Sabtu, 25 Oktober 2014

News / Megapolitan

Senin, Bangunan Pengusaha di Tepi Waduk Pluit Dibongkar

Minggu, 19 Mei 2013 | 17:41 WIB

Terkait

JAKARTA, KOMPAS.com - Beberapa bangunan milik pengusaha yang berada di tepian Waduk Pluit, Penjaringan, Jakarta Utara rencananya akan diratakan atau dibongkar pada Senin (20/5/2013).

Mulai hari ini sendiri, Minggu (19/5/2013) terlihat pekerja sudah melakukan pembongkaran dan merapikan perkakas sebelum lokasi tersebut disterilkan dari bangunan apapun.

"Hari Senin kita akan lakukan pembongkaran paksa ya, kalau mereka tidak mau dibongkar. Termasuk lokasi lapangan futsal dan alat berat," kata Heriyanto Koordinator Program Normalisasi Kawasan Waduk Pluit, kepada Kompas.com, Minggu (20/5/2013).

Heriyanto menuturkan, bangunan yang dibongkar seperti milik pengusaha alat berat Tedy dengan luas lahan 6.000 meter persegi.

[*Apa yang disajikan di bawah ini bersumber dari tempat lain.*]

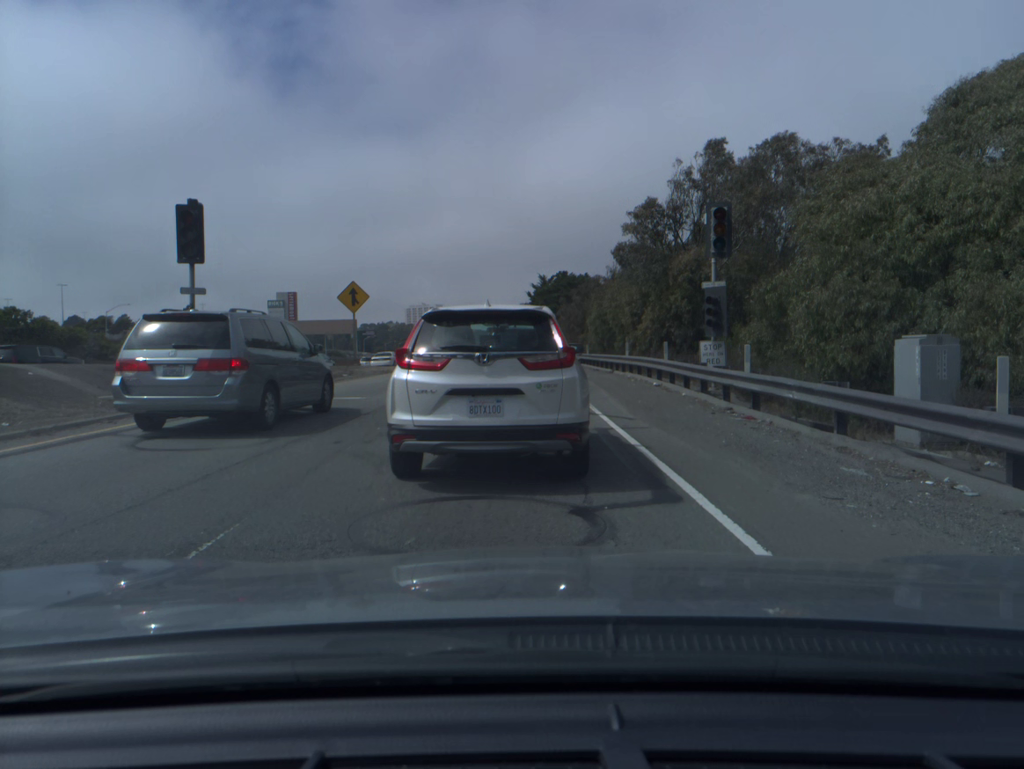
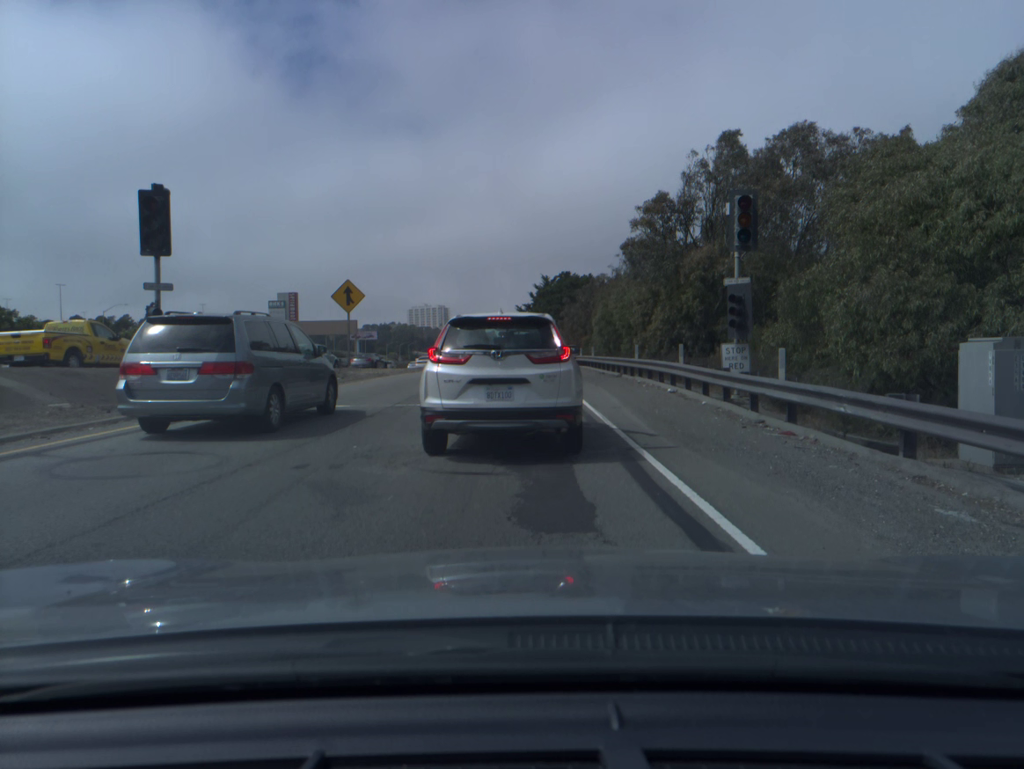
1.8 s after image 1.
(0.0, +1.8) m; 0°
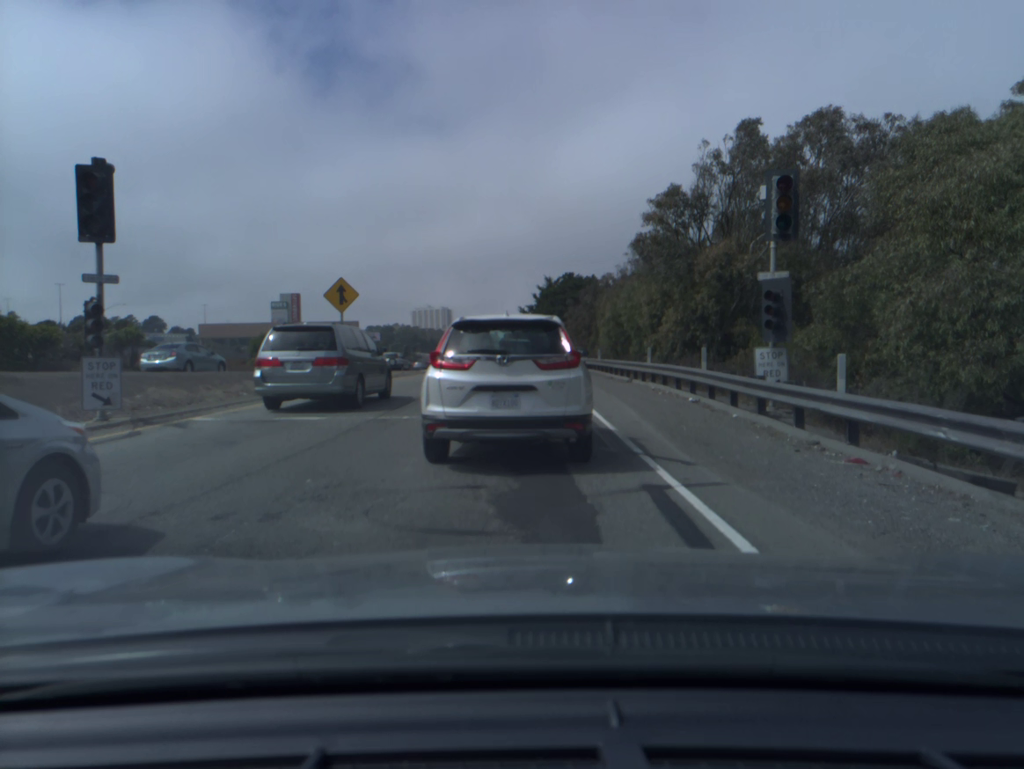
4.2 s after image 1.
(0.0, +2.3) m; 0°

Kemudian milik Johanes dengan luas lahan sekitar 6.000 meter persegi.

Menurutnya tidak ada ganti rugi yang diberikan lantaran lahan tersebut merupakan milik pemerintah. Namun, dalam hal ini Heriyanto mengatakan beberapa pengusaha sudah mulai kooperatif dan memahami untuk dibongkar tempat usahanya.

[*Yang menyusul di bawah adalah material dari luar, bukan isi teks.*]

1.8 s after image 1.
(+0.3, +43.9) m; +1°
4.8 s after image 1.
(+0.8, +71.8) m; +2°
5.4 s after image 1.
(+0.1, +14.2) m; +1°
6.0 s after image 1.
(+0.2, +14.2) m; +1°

Hal tersebut menurutnya bagian dari kepentingan untuk menangkal banjir dan mensterilkan kawasan Waduk Pluit.

"Keberadaan bangunan di lahan Waduk Pluit tidak diperbolehkan. Kita akan kembalikan fungsinya untuk taman-taman, atau untuk kepentingan waduk. Sebelum dilaksanakan hari Senin, hari Minggu ini sudah dibuka. Ini bagian dari kepentingan masyarakat banyak dalam mengatasi banjir," ujar Heriyanto.

Sementara itu, terkait banyaknya lokasi pemukiman warga yang berada ditepian Waduk Pluit, Heriyanto menuturkan relokasi memerlukan waktu karena banyaknya warga di sana yang bermukim di tepian Waduk Pluit.

"Yang di sana belum dibongkar. Ada 7.000 rumah, 17.000 KK. Karena Pak Gubernur statement-nya, kan, 2 tahun selesai semua (direlokasi), jadi masih harus menyediakan lokasi rumah susun yang banyak," ujar Heriyanto.

Sebelumnya, bangunan milik pengusaha itu akan dibongkar paksa karena Pemprov DKI Jakarta sudah memberikan waktu yang cukup lama kepada pengusaha-pengusaha tersebut. Dinas P2B pun telah memberikan SP (Surat Peringatan) 4 kepada pengusaha di bantaran Waduk Pluit.

Pada hari ini sendiri, berdasarkan pantauan Kompas.com, para pekerja sudah mulai membuka atas penutup lokasi lapangan futsal yang berada di tepian Waduk Pluit.

Selain itu, ada pula lokasi usaha alat berat, di mana perkakas yang terkumpul di depan tempat usaha tersebut sudah mulai diangkut dan dipindahkan dengan truk.

Sementara itu, alat berat beko juga terlihat melakukan pengerukan lumpur dan sampah yang ada di sekitar lokasi tepian Waduk Pluit.